§ What to produce: Retype the whole listing below exactly, keeping every picture out of it.

§ Provided material:
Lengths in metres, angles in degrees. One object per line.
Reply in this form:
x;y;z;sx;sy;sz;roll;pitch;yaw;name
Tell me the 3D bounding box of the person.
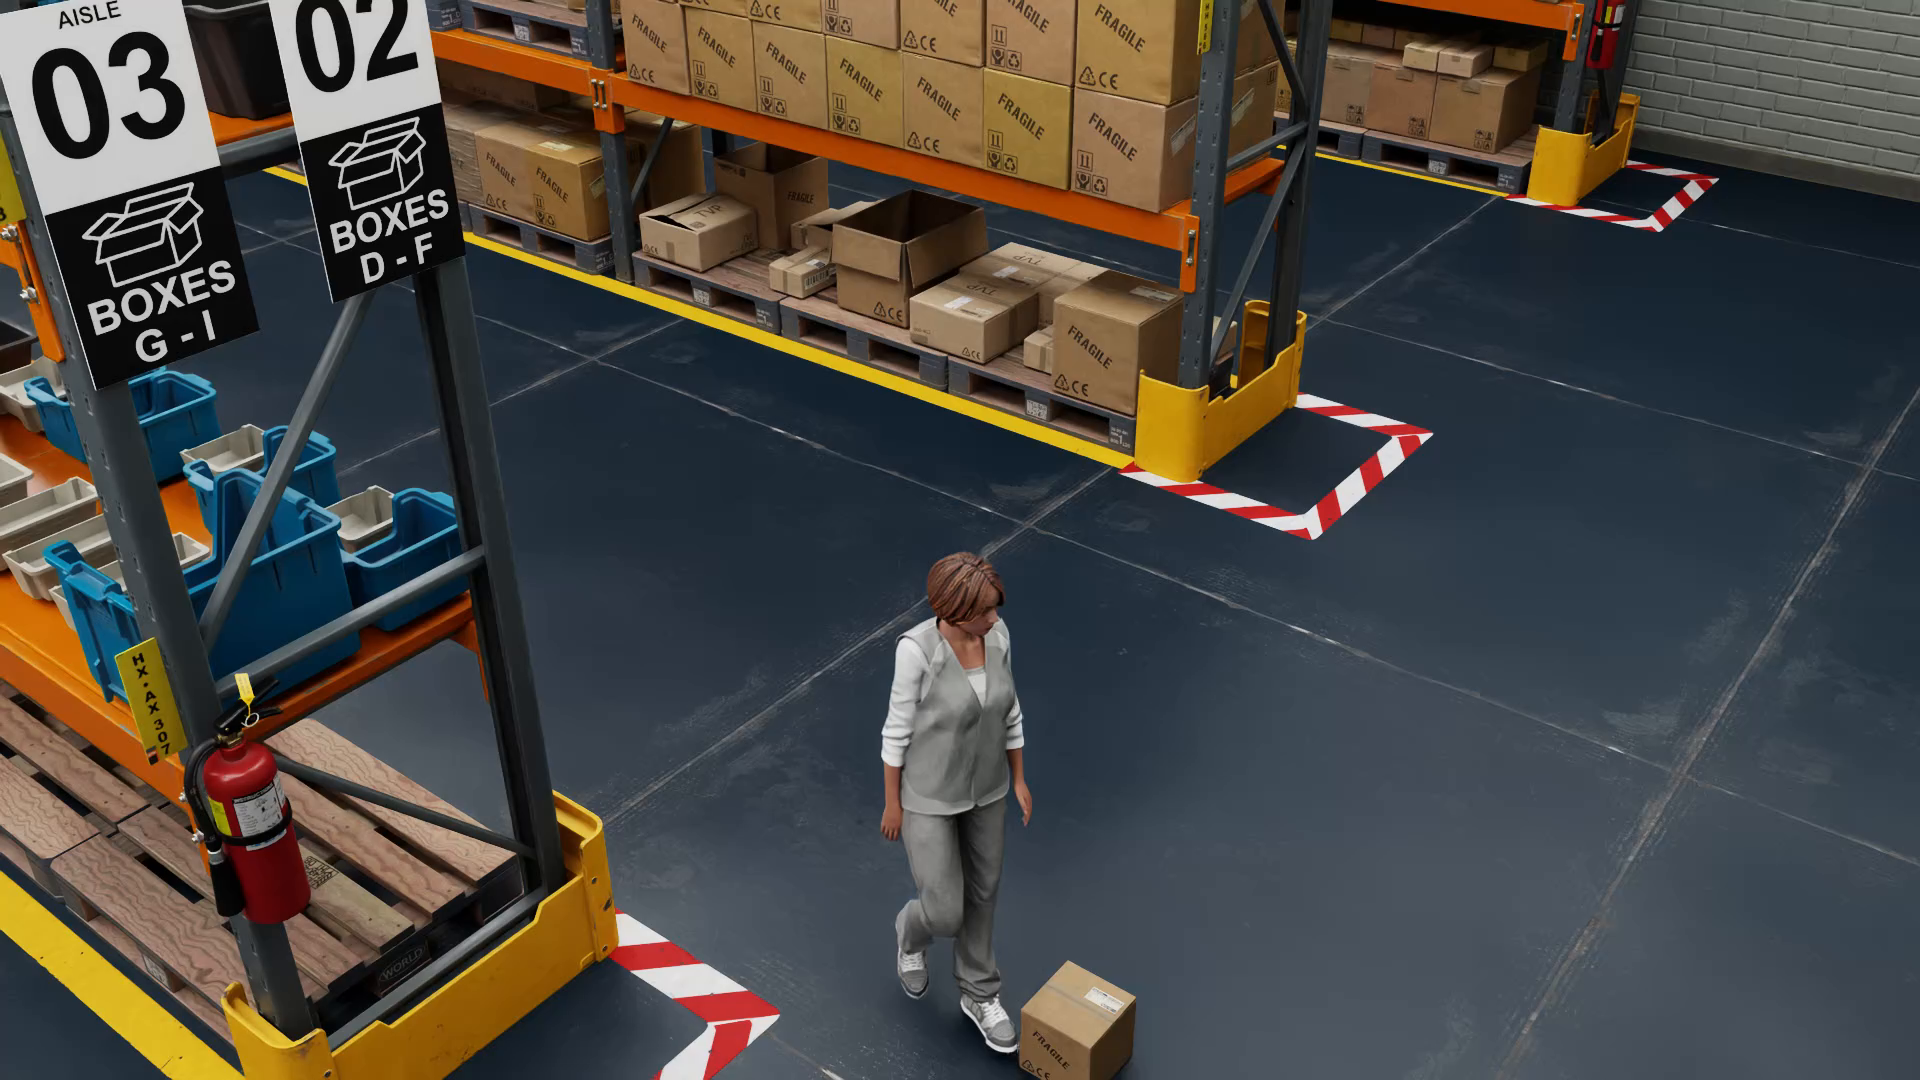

§ Written answer:
Lengths in metres, angles in degrees. One object per line.
Reply in this form:
x;y;z;sx;sy;sz;roll;pitch;yaw;name
Tell me the 3D bounding box of the person.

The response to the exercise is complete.